Let $\operatorname{E}_1(z)=-\operatorname{Ei}(-z)$ where $\operatorname{Ei}(z)$ is the exponential integral. Can the function $$f(x;a)=\int_{a}^{\infty}\frac{\mathrm{E}_1(t)}{x+t}\,dt,\quad x\ge0,$$ where $a>0$ is a fixed parameter, be expressed as a Meijer $G$ function?
1 Answer
In your general case, it doesn't look like the type that can be expressed as a $G$ function. To wit, note that your integral is expressible as a Mellin convolution of $\operatorname{\theta}(t-a)\operatorname{\mathit E}_1(t)$ and $\frac1{1+t}$. The latter function has a nice Mellin transform entirely in terms of gamma functions:
MellinTransform[1/(1 + t), t, s] == Gamma[s] Gamma[1 - s] // FullSimplify
True
However,
Assuming[a > 0,
MellinTransform[HeavisideTheta[t - a] ExpIntegralE[1, t], t, s]] // FullSimplify
(-a^s E^-a - a^s s Gamma[0, a] + Gamma[1 + s, a])/s^2
involves the incomplete gamma function. Recalling that 1. a Mellin convolution of the product of two functions is the product of the transforms, and 2. Meijer $G$ functions are inverse Mellin transforms of gamma function ratios, your original convolution integral does not seem to be expressible as a $G$ function.

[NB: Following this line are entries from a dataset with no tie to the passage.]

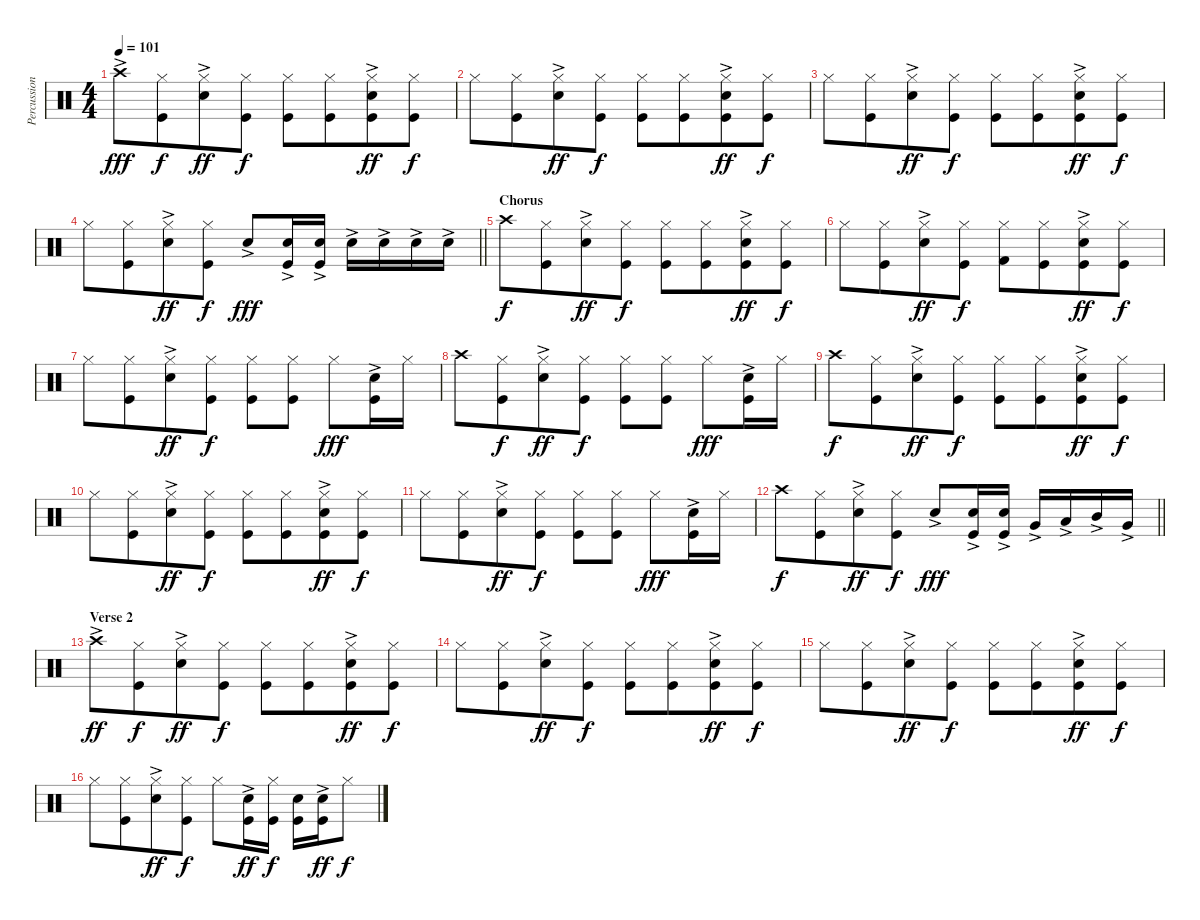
\track ("Percussion" "Percussion") {instrument percussion}
\staff {score}
\articulation defaults
\ts (4 4)
\tempo 101
\clef neutral
\ks c "Crash high (hit)"{ac}.8{dy fff}
("Hi-Hat (closed)" "Kick (hit)").8{dy f beam merge} ("Hi-Hat (closed)" "Snare (hit) 2"{ac}).8{dy ff} ("Hi-Hat (closed)" "Kick (hit)").8{dy f beam split} ("Hi-Hat (closed)" "Kick (hit)").8 ("Hi-Hat (closed)" "Kick (hit)").8{beam merge} ("Hi-Hat (closed)" "Snare (hit) 2"{ac} "Kick (hit)").8{dy ff} ("Hi-Hat (closed)" "Kick (hit)").8{dy f} |
"Hi-Hat (closed)".8 ("Hi-Hat (closed)" "Kick (hit)").8{beam merge} ("Hi-Hat (closed)" "Snare (hit) 2"{ac}).8{dy ff} ("Hi-Hat (closed)" "Kick (hit)").8{dy f} ("Hi-Hat (closed)" "Kick (hit)").8 ("Hi-Hat (closed)" "Kick (hit)").8{beam merge} ("Hi-Hat (closed)" "Snare (hit) 2"{ac} "Kick (hit)").8{dy ff} ("Hi-Hat (closed)" "Kick (hit)").8{dy f} |
"Hi-Hat (closed)".8 ("Hi-Hat (closed)" "Kick (hit)").8{beam merge} ("Hi-Hat (closed)" "Snare (hit) 2"{ac}).8{dy ff} ("Hi-Hat (closed)" "Kick (hit)").8{dy f} ("Hi-Hat (closed)" "Kick (hit)").8 ("Hi-Hat (closed)" "Kick (hit)").8{beam merge} ("Hi-Hat (closed)" "Snare (hit) 2"{ac} "Kick (hit)").8{dy ff} ("Hi-Hat (closed)" "Kick (hit)").8{dy f} |
\barLineRight lightlight "Hi-Hat (closed)".8
("Hi-Hat (closed)" "Kick (hit)").8{beam merge} ("Hi-Hat (closed)" "Snare (hit) 2"{ac}).8{dy ff} ("Hi-Hat (closed)" "Kick (hit)").8{dy f} "Snare (hit) 2"{ac}.8{dy fff} ("Snare (hit) 2"{ac} "Kick (hit)").16 ("Snare (hit) 2"{ac} "Kick (hit)").16 "Snare (hit) 2"{ac}.16 "Snare (hit) 2"{ac}.16 "Snare (hit) 2"{ac}.16 "Snare (hit) 2"{ac}.16 |
\section ("" "Chorus")
"Crash high (hit)".8{dy f} ("Hi-Hat (closed)" "Kick (hit)").8{beam merge} ("Hi-Hat (closed)" "Snare (hit) 2"{ac}).8{dy ff} ("Hi-Hat (closed)" "Kick (hit)").8{dy f} ("Hi-Hat (closed)" "Kick (hit)").8 ("Hi-Hat (closed)" "Kick (hit)").8{beam merge} ("Hi-Hat (closed)" "Snare (hit) 2"{ac} "Kick (hit)").8{dy ff} ("Hi-Hat (closed)" "Kick (hit)").8{dy f} |
"Hi-Hat (closed)".8 ("Hi-Hat (closed)" "Kick (hit)").8{beam merge} ("Hi-Hat (closed)" "Snare (hit) 2"{ac}).8{dy ff} ("Hi-Hat (closed)" "Kick (hit)").8{dy f} ("Hi-Hat (closed)" "Kick (hit) 2").8 ("Hi-Hat (closed)" "Kick (hit)").8{beam merge} ("Hi-Hat (closed)" "Snare (hit) 2"{ac} "Kick (hit)").8{dy ff} ("Hi-Hat (closed)" "Kick (hit)").8{dy f} |
"Hi-Hat (closed)".8 ("Hi-Hat (closed)" "Kick (hit)").8{beam merge} ("Hi-Hat (closed)" "Snare (hit) 2"{ac}).8{dy ff} ("Hi-Hat (closed)" "Kick (hit)").8{dy f} ("Hi-Hat (closed)" "Kick (hit)").8 ("Hi-Hat (closed)" "Kick (hit)").8 "Hi-Hat (closed)".8{dy fff} ("Snare (hit) 2"{ac} "Kick (hit)").16 "Hi-Hat (closed)".16 |
"Crash high (hit)".8 ("Hi-Hat (closed)" "Kick (hit)").8{dy f beam merge} ("Hi-Hat (closed)" "Snare (hit) 2"{ac}).8{dy ff} ("Hi-Hat (closed)" "Kick (hit)").8{dy f} ("Hi-Hat (closed)" "Kick (hit)").8 ("Hi-Hat (closed)" "Kick (hit)").8 "Hi-Hat (closed)".8{dy fff} ("Snare (hit) 2"{ac} "Kick (hit)").16 "Hi-Hat (closed)".16 |
"Crash high (hit)".8{dy f} ("Hi-Hat (closed)" "Kick (hit)").8{beam merge} ("Hi-Hat (closed)" "Snare (hit) 2"{ac}).8{dy ff} ("Hi-Hat (closed)" "Kick (hit)").8{dy f} ("Hi-Hat (closed)" "Kick (hit)").8 ("Hi-Hat (closed)" "Kick (hit)").8{beam merge} ("Hi-Hat (closed)" "Snare (hit) 2"{ac} "Kick (hit)").8{dy ff} ("Hi-Hat (closed)" "Kick (hit)").8{dy f} |
"Hi-Hat (closed)".8 ("Hi-Hat (closed)" "Kick (hit)").8{beam merge} ("Hi-Hat (closed)" "Snare (hit) 2"{ac}).8{dy ff} ("Hi-Hat (closed)" "Kick (hit)").8{dy f} ("Hi-Hat (closed)" "Kick (hit)").8 ("Hi-Hat (closed)" "Kick (hit)").8{beam merge} ("Hi-Hat (closed)" "Snare (hit) 2"{ac} "Kick (hit)").8{dy ff} ("Hi-Hat (closed)" "Kick (hit)").8{dy f} |
"Hi-Hat (closed)".8 ("Hi-Hat (closed)" "Kick (hit)").8{beam merge} ("Hi-Hat (closed)" "Snare (hit) 2"{ac}).8{dy ff} ("Hi-Hat (closed)" "Kick (hit)").8{dy f} ("Hi-Hat (closed)" "Kick (hit)").8 ("Hi-Hat (closed)" "Kick (hit)").8 "Hi-Hat (closed)".8{dy fff} ("Snare (hit) 2"{ac} "Kick (hit)").16 "Hi-Hat (closed)".16 |
\barLineRight lightlight "Crash high (hit)".8{dy f}
("Hi-Hat (closed)" "Kick (hit)").8{beam merge} ("Hi-Hat (closed)" "Snare (hit) 2"{ac}).8{dy ff} ("Hi-Hat (closed)" "Kick (hit)").8{dy f} "Snare (hit) 2"{ac}.8{dy fff} ("Snare (hit) 2"{ac} "Kick (hit)").16 ("Snare (hit) 2"{ac} "Kick (hit)").16 "Very Low Tom (hit)"{ac}.16 "Low Tom (hit)"{ac}.16 "Mid Tom (hit)"{ac}.16 "Very Low Tom (hit)"{ac}.16 |
\section ("" "Verse 2")
"Crash high (hit)"{ac}.8{dy ff} ("Hi-Hat (closed)" "Kick (hit)").8{dy f beam merge} ("Hi-Hat (closed)" "Snare (hit) 2"{ac}).8{dy ff} ("Hi-Hat (closed)" "Kick (hit)").8{dy f beam split} ("Hi-Hat (closed)" "Kick (hit)").8 ("Hi-Hat (closed)" "Kick (hit)").8{beam merge} ("Hi-Hat (closed)" "Snare (hit) 2"{ac} "Kick (hit)").8{dy ff} ("Hi-Hat (closed)" "Kick (hit)").8{dy f} |
"Hi-Hat (closed)".8 ("Hi-Hat (closed)" "Kick (hit)").8{beam merge} ("Hi-Hat (closed)" "Snare (hit) 2"{ac}).8{dy ff} ("Hi-Hat (closed)" "Kick (hit)").8{dy f} ("Hi-Hat (closed)" "Kick (hit)").8 ("Hi-Hat (closed)" "Kick (hit)").8{beam merge} ("Hi-Hat (closed)" "Snare (hit) 2"{ac} "Kick (hit)").8{dy ff} ("Hi-Hat (closed)" "Kick (hit)").8{dy f} |
"Hi-Hat (closed)".8 ("Hi-Hat (closed)" "Kick (hit)").8{beam merge} ("Hi-Hat (closed)" "Snare (hit) 2"{ac}).8{dy ff} ("Hi-Hat (closed)" "Kick (hit)").8{dy f} ("Hi-Hat (closed)" "Kick (hit)").8 ("Hi-Hat (closed)" "Kick (hit)").8{beam merge} ("Hi-Hat (closed)" "Snare (hit) 2"{ac} "Kick (hit)").8{dy ff} ("Hi-Hat (closed)" "Kick (hit)").8{dy f} |
"Hi-Hat (closed)".8 ("Hi-Hat (closed)" "Kick (hit)").8{beam merge} ("Hi-Hat (closed)" "Snare (hit) 2"{ac}).8{dy ff} ("Hi-Hat (closed)" "Kick (hit)").8{dy f} "Hi-Hat (closed)".8 ("Snare (hit) 2"{ac} "Kick (hit)").16{dy ff} ("Hi-Hat (closed)" "Kick (hit)").16{dy f} ("Snare (hit) 2" "Kick (hit)").16 ("Snare (hit) 2"{ac} "Kick (hit)").16{dy ff} "Hi-Hat (closed)".8{dy f}
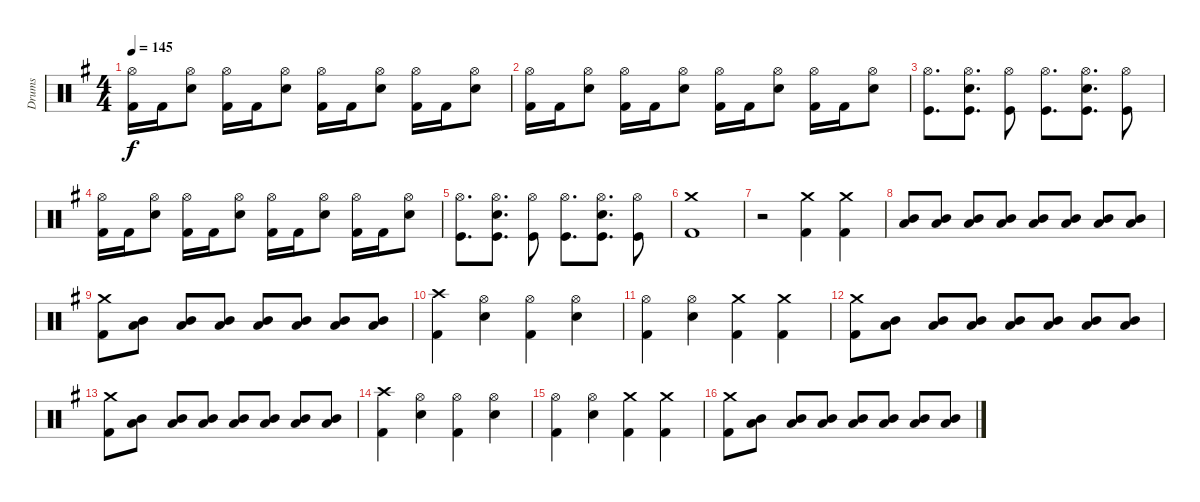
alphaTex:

\track ("Drums" "Drums") {instrument percussion}
\staff {score}
\articulation defaults
\ts (4 4)
\tempo 145
\clef neutral
\ks eminor
("Hi-Hat (open)" "Kick (hit) 2").16{dy f} "Kick (hit) 2".16 ("Hi-Hat (open)" "Electric Snare (hit)").8 ("Hi-Hat (open)" "Kick (hit) 2").16 "Kick (hit) 2".16 ("Electric Snare (hit)" "Hi-Hat (open)").8 ("Kick (hit) 2" "Hi-Hat (open)").16 "Kick (hit) 2".16 ("Hi-Hat (open)" "Electric Snare (hit)").8 ("Hi-Hat (open)" "Kick (hit) 2").16 "Kick (hit) 2".16 ("Hi-Hat (open)" "Electric Snare (hit)").8 |
("Hi-Hat (open)" "Kick (hit) 2").16 "Kick (hit) 2".16 ("Hi-Hat (open)" "Electric Snare (hit)").8 ("Hi-Hat (open)" "Kick (hit) 2").16 "Kick (hit) 2".16 ("Electric Snare (hit)" "Hi-Hat (open)").8 ("Kick (hit) 2" "Hi-Hat (open)").16 "Kick (hit) 2".16 ("Hi-Hat (open)" "Electric Snare (hit)").8 ("Hi-Hat (open)" "Kick (hit) 2").16 "Kick (hit) 2".16 ("Hi-Hat (open)" "Electric Snare (hit)").8 |
("Kick (hit)" "Hi-Hat (open)").8{d} ("Kick (hit)" "Snare (hit) 2" "Hi-Hat (open)").8{d} ("Kick (hit)" "Hi-Hat (open)").8 ("Kick (hit)" "Hi-Hat (open)").8{d} ("Kick (hit)" "Hi-Hat (open)" "Snare (hit) 2").8{d} ("Kick (hit)" "Hi-Hat (open)").8 |
("Hi-Hat (open)" "Kick (hit) 2").16 "Kick (hit) 2".16 ("Hi-Hat (open)" "Electric Snare (hit)").8 ("Hi-Hat (open)" "Kick (hit) 2").16 "Kick (hit) 2".16 ("Electric Snare (hit)" "Hi-Hat (open)").8 ("Kick (hit) 2" "Hi-Hat (open)").16 "Kick (hit) 2".16 ("Hi-Hat (open)" "Electric Snare (hit)").8 ("Hi-Hat (open)" "Kick (hit) 2").16 "Kick (hit) 2".16 ("Hi-Hat (open)" "Electric Snare (hit)").8 |
("Kick (hit)" "Hi-Hat (open)").8{d} ("Kick (hit)" "Snare (hit) 2" "Hi-Hat (open)").8{d} ("Kick (hit)" "Hi-Hat (open)").8 ("Kick (hit)" "Hi-Hat (open)").8{d} ("Kick (hit)" "Hi-Hat (open)" "Snare (hit) 2").8{d} ("Kick (hit)" "Hi-Hat (open)").8 |
("Crash medium (hit)" "Kick (hit) 2").1 |
r.2 ("Crash medium (hit)" "Kick (hit) 2").4 ("Crash medium (hit)" "Kick (hit) 2").4 |
("Low Tom (hit)" "Mid Tom (hit)").8 ("Low Tom (hit)" "Mid Tom (hit)").8 ("Low Tom (hit)" "Mid Tom (hit)").8 ("Low Tom (hit)" "Mid Tom (hit)").8 ("Low Tom (hit)" "Mid Tom (hit)").8 ("Low Tom (hit)" "Mid Tom (hit)").8 ("Low Tom (hit)" "Mid Tom (hit)").8 ("Low Tom (hit)" "Mid Tom (hit)").8 |
("Crash medium (hit)" "Kick (hit) 2").8 ("Low Tom (hit)" "Mid Tom (hit)").8 ("Low Tom (hit)" "Mid Tom (hit)").8 ("Low Tom (hit)" "Mid Tom (hit)").8 ("Low Tom (hit)" "Mid Tom (hit)").8 ("Low Tom (hit)" "Mid Tom (hit)").8 ("Low Tom (hit)" "Mid Tom (hit)").8 ("Low Tom (hit)" "Mid Tom (hit)").8 |
("Crash high (hit)" "Kick (hit) 2").4 ("Hi-Hat (open)" "Electric Snare (hit)").4 ("Hi-Hat (open)" "Kick (hit) 2").4 ("Hi-Hat (open)" "Electric Snare (hit)").4 |
("Hi-Hat (open)" "Kick (hit) 2").4 ("Electric Snare (hit)" "Hi-Hat (open)").4 ("Crash medium (hit)" "Kick (hit) 2").4 ("Crash medium (hit)" "Kick (hit) 2").4 |
("Crash medium (hit)" "Kick (hit) 2").8 ("Low Tom (hit)" "Mid Tom (hit)").8 ("Low Tom (hit)" "Mid Tom (hit)").8 ("Low Tom (hit)" "Mid Tom (hit)").8 ("Low Tom (hit)" "Mid Tom (hit)").8 ("Low Tom (hit)" "Mid Tom (hit)").8 ("Low Tom (hit)" "Mid Tom (hit)").8 ("Low Tom (hit)" "Mid Tom (hit)").8 |
("Crash medium (hit)" "Kick (hit) 2").8 ("Low Tom (hit)" "Mid Tom (hit)").8 ("Low Tom (hit)" "Mid Tom (hit)").8 ("Low Tom (hit)" "Mid Tom (hit)").8 ("Low Tom (hit)" "Mid Tom (hit)").8 ("Low Tom (hit)" "Mid Tom (hit)").8 ("Low Tom (hit)" "Mid Tom (hit)").8 ("Low Tom (hit)" "Mid Tom (hit)").8 |
("Crash high (hit)" "Kick (hit) 2").4 ("Hi-Hat (open)" "Electric Snare (hit)").4 ("Hi-Hat (open)" "Kick (hit) 2").4 ("Hi-Hat (open)" "Electric Snare (hit)").4 |
("Hi-Hat (open)" "Kick (hit) 2").4 ("Electric Snare (hit)" "Hi-Hat (open)").4 ("Crash medium (hit)" "Kick (hit) 2").4 ("Crash medium (hit)" "Kick (hit) 2").4 |
("Crash medium (hit)" "Kick (hit) 2").8 ("Low Tom (hit)" "Mid Tom (hit)").8 ("Low Tom (hit)" "Mid Tom (hit)").8 ("Low Tom (hit)" "Mid Tom (hit)").8 ("Low Tom (hit)" "Mid Tom (hit)").8 ("Low Tom (hit)" "Mid Tom (hit)").8 ("Low Tom (hit)" "Mid Tom (hit)").8 ("Low Tom (hit)" "Mid Tom (hit)").8

If $a=0$, however, things are much nicer, since:
MellinTransform[ExpIntegralE[1, t], t, s] == Gamma[s]^2/Gamma[s + 1] // FullSimplify
True
and so
InverseMellinTransform[Gamma[s]^2/Gamma[s + 1] Gamma[s] Gamma[1 - s], s, x]
MeijerG[{{0}, {1}}, {{0, 0, 0}, {}}, x]
or in $\LaTeX$,
$$G_{2,3}^{3,1}\left(x\middle|{{0,1}\atop{0,0,0}}\right)$$
Compare:
With[{x = 5}, NIntegrate[ExpIntegralE[1, t]/(x + t), {t, 0, ∞}, WorkingPrecision -> 25]]
0.1838089114612967395147973
With[{x = 5}, N[MeijerG[{{0}, {1}}, {{0, 0, 0}, {}}, x], 25]]
0.1838089114612967395147973